One could see AT&T’s fundamental problem as arrogance. The phone company’s broad powers and influence, Judge Greene would later say, gave it “both the ability and the incentive to prevent competitors from gaining a substantial foothold.”22 This in turn had had a negative impact on consumers. During the trial, the judge would eventually hear a mountain of persuasive evidence put forward by government litigators; one after another, competitors would testify how Ma Bell had thwarted their efforts to enter the telecommunications business. At the same time, one
could view the trial as a great war over ideas. To William Baxter, the driving force at Justice, AT&T’s fundamental problem was that it was both vertically and horizontally integrated. Vertical integration meant that the company controlled its research, development, manufacturing, and deployment. One way to visualize the verticality was to see Ma Bell as a series of boxes, stacked one atop another, each representing essential units of the company. The bottom box, where ideas and innovations began, was Bell Laboratories. Above that was Western Electric, where those innovations were in turn mass-produced. Above that was the top box, AT&T, which deployed the new technologies in the long-distance and local markets.23
Baxter did not object to the idea of vertical integration. It made sense that companies should fund research and bring the fruits of those investments to the market. It was the horizontal integration he considered unacceptable. Horizontal integration could be seen as a series of boxes, too, but these boxes stretched from side to side, or really from coast to coast, instead of from top to bottom. These boxes comprised AT&T’s long-distance group as well as the local Bell operating companies—New York Telephone, New England Telephone, Southern Bell, Northwestern Bell, and so forth. The government believed that AT&T’s control of almost all the local networks created a bottleneck preventing long-distance competition, such as MCI, from thriving. It also created a barrier to companies that wanted to build their own telecommunications equipment.
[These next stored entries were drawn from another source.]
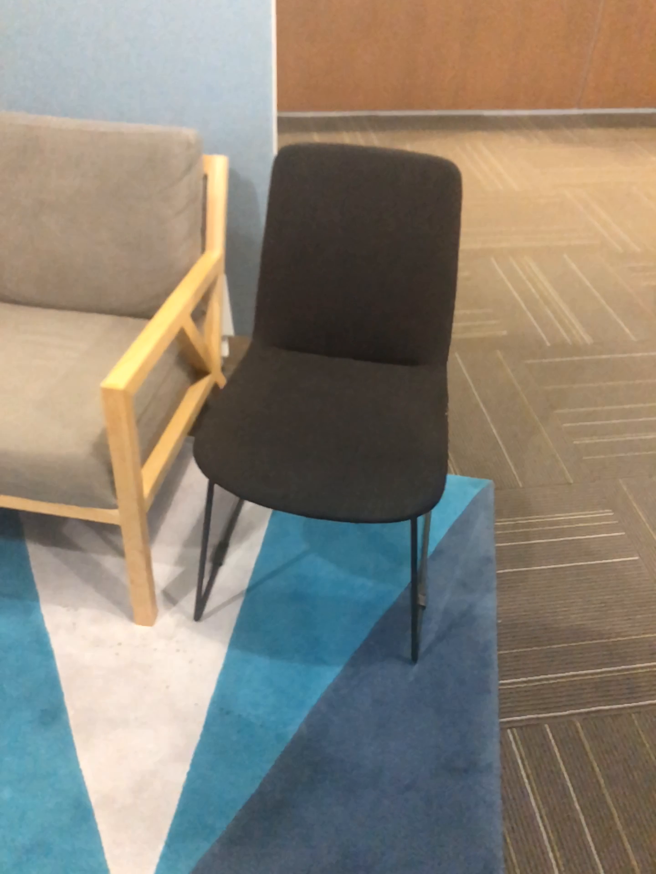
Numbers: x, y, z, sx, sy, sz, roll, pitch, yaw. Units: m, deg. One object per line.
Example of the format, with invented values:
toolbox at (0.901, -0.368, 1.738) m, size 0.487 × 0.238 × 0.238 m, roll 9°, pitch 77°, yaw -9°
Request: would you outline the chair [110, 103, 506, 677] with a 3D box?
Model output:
chair at (0.016, -0.099, 1.435) m, size 0.500 × 0.822 × 0.686 m, roll 9°, pitch 41°, yaw 7°
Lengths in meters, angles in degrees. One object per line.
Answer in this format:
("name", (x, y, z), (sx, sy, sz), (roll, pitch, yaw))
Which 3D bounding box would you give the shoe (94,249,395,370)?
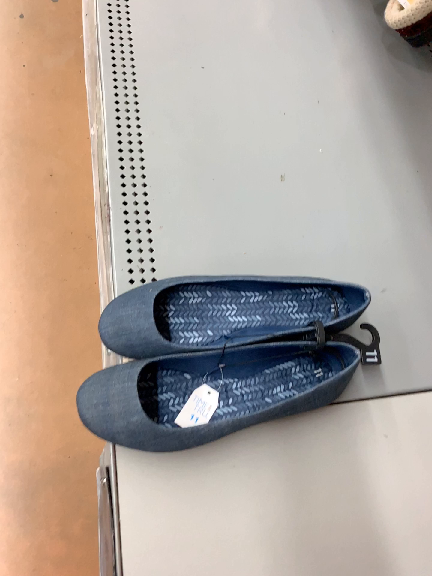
("shoe", (0.023, 0.024, 0.457), (0.280, 0.090, 0.090), (0, 65, -11))

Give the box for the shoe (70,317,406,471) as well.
("shoe", (0.015, 0.097, 0.414), (0.280, 0.090, 0.090), (-4, 63, -13))
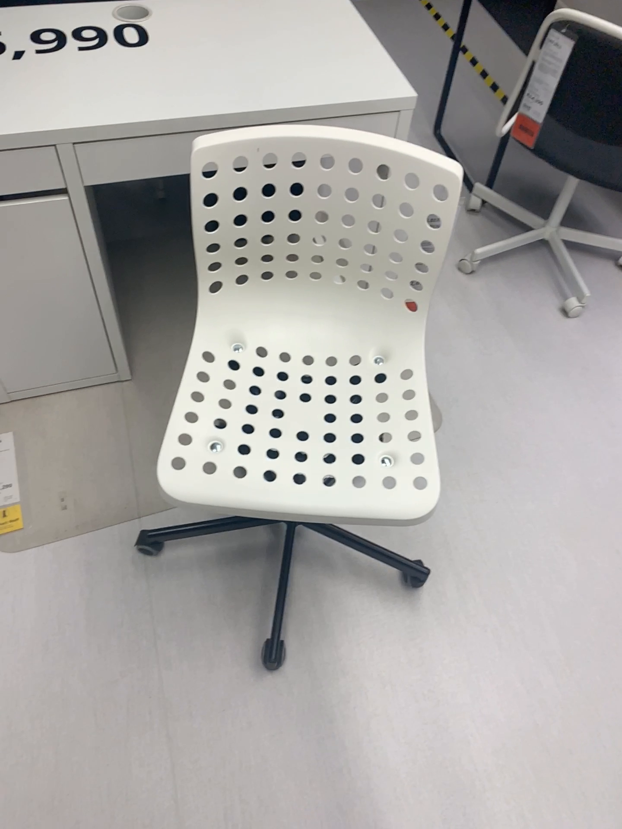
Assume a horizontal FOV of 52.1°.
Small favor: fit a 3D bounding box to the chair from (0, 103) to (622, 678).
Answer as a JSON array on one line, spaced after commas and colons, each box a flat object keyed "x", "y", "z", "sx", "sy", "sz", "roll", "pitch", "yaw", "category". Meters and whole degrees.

As it was, Western Electric, a close corporate partner to phone companies around the country, had a near hammerlock on the telecom manufacturing business.
The lawsuit was not, therefore, about Bell Labs. Executives at AT&T had nonetheless realized from the start that whatever fate befell the larger phone system would befall their laboratory, too. By 1980, Morry Tanenbaum, who invented the silicon transistor at Bell Labs years before, had become involved in the decisions over the company’s destiny. Tanenbaum had risen to become AT&T’s executive vice president, effectively making him one of Charlie Brown’s top deputies. “I was the only one of the senior officers who had spent time at Bell Labs, and Charlie was extremely concerned about Bell Labs,” he recalls. Brown worried that if he spun off Western Electric—the middle box on the vertical stack—then AT&T wouldn’t be able to take new discoveries from Bell Labs and move them up into the telecommunications network. Spinning off the local operating companies presented a similarly unappealing prospect: It would drastically reduce the funding available to Bell Labs, since those local companies represented a large portion of AT&T’s annual revenue.